Elementi principali di questa unità, nota col nome di Jumbo (Fig. 4.35), sono i bracci aerodinamici
che mediante pistoni idraulici portano i perforatori nella posizione voluta e ne consentono
l'operazione oggi completamente computerizzata. A prescindere dai vari modelli di diverse
dimensioni, 2 sono i tipi di Jumbos: quelli a portale che permettono il passaggio dei mezzi di
smarino verso l'uscita della galleria e quelli a struttura piena.
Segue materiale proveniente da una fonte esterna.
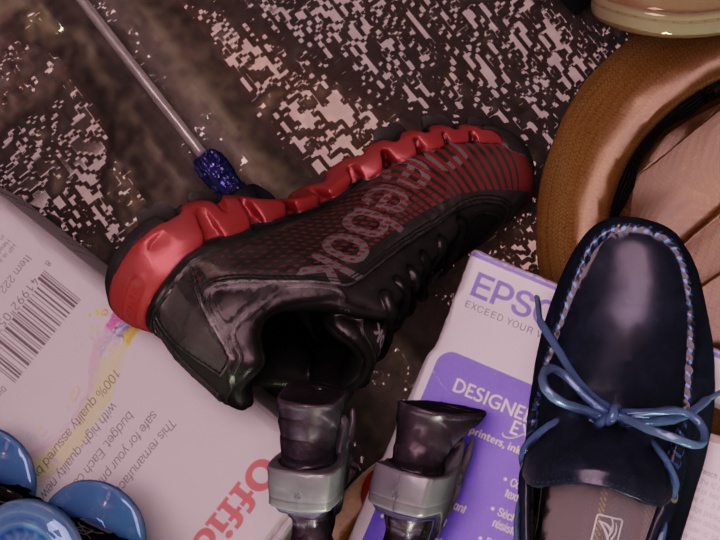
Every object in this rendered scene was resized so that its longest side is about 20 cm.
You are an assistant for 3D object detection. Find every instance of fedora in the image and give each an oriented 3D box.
[{"bbox_3d":[0.171,-0.020,1.024,0.200,0.082,0.201,-1,84,8],"label":"fedora"}]

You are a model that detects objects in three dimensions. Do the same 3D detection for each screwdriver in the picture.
[{"bbox_3d":[-0.080,-0.063,1.086,0.028,0.029,0.200,-38,86,2],"label":"screwdriver"}]

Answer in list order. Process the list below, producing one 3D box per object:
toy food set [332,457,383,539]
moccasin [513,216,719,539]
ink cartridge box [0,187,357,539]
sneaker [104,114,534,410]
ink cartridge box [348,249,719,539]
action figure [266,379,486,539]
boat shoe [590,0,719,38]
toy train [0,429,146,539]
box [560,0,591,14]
[{"bbox_3d":[0.064,0.162,1.036,0.200,0.049,0.198,27,88,9],"label":"toy food set"},{"bbox_3d":[0.097,0.079,0.930,0.080,0.068,0.200,4,88,11],"label":"moccasin"},{"bbox_3d":[-0.123,0.080,1.051,0.200,0.085,0.145,38,90,12],"label":"ink cartridge box"},{"bbox_3d":[0.000,0.000,1.014,0.200,0.071,0.098,-21,58,-30],"label":"sneaker"},{"bbox_3d":[0.098,0.119,0.984,0.198,0.043,0.200,23,93,11],"label":"ink cartridge box"},{"bbox_3d":[-0.005,0.146,0.949,0.130,0.069,0.200,11,93,10],"label":"action figure"},{"bbox_3d":[0.164,-0.153,0.998,0.071,0.065,0.200,23,42,37],"label":"boat shoe"},{"bbox_3d":[-0.172,0.118,0.971,0.200,0.087,0.114,23,100,16],"label":"toy train"},{"bbox_3d":[0.071,-0.232,1.045,0.132,0.115,0.200,-41,81,0],"label":"box"}]
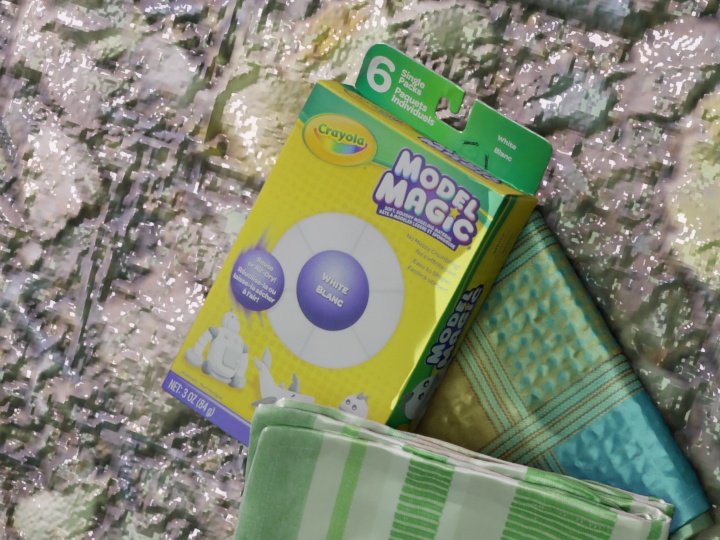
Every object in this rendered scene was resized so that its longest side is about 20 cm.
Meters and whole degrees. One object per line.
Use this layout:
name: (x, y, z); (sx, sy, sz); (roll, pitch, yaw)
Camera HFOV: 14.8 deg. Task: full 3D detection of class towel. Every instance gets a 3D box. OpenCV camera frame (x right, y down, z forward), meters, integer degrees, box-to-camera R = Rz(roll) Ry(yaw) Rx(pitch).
towel: (0.065, 0.070, 1.329); (0.147, 0.022, 0.200); (-34, 76, 21)
towel: (0.034, 0.150, 1.299); (0.200, 0.023, 0.153); (15, 113, 6)

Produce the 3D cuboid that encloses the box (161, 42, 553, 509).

Un Jumbo a portale si muove su ruote pneumatiche o su binari attraverso carrelli bilanciati a più
ruote; è costruito a più piani ed il vano centrale ha un ponte levatoio per consentire appunto il
passaggio dei mezzi di carico.
Esistono Jumbos a struttura deformabile che si aprono fino a coprire una sezione di 100 m2 e più
per ridursi quindi in fase di smarino a dimensioni tali da consentire agevolmente tale operazione.
L'aria compressa, ovvero il fluido motore della maggioranza delle macchine di galleria in quanto
non inquinante, viene fornita dai compressori che, nel caso di un cantiere a lunga durata, sono del
tipo stazionario, e installati, nel numero e capacità richiesti, fuori della galleria anche a motivo di un
più facile controllo e manutenzione.
Utilizzando l'esplosivo in galleria è da tener presente che maggiore è la superficie libera verso la
quale possono spostarsi i frammenti di roccia al momento della volata (o tiro) e più grande è la
resa unitaria dell'esplosivo impiegato. Da ciò la convenienza a scegliere la migliore disposizione
dei fori sul fronte di scavo e a differenziare i tempi di detonazione delle cariche per aumentare tale
superficie.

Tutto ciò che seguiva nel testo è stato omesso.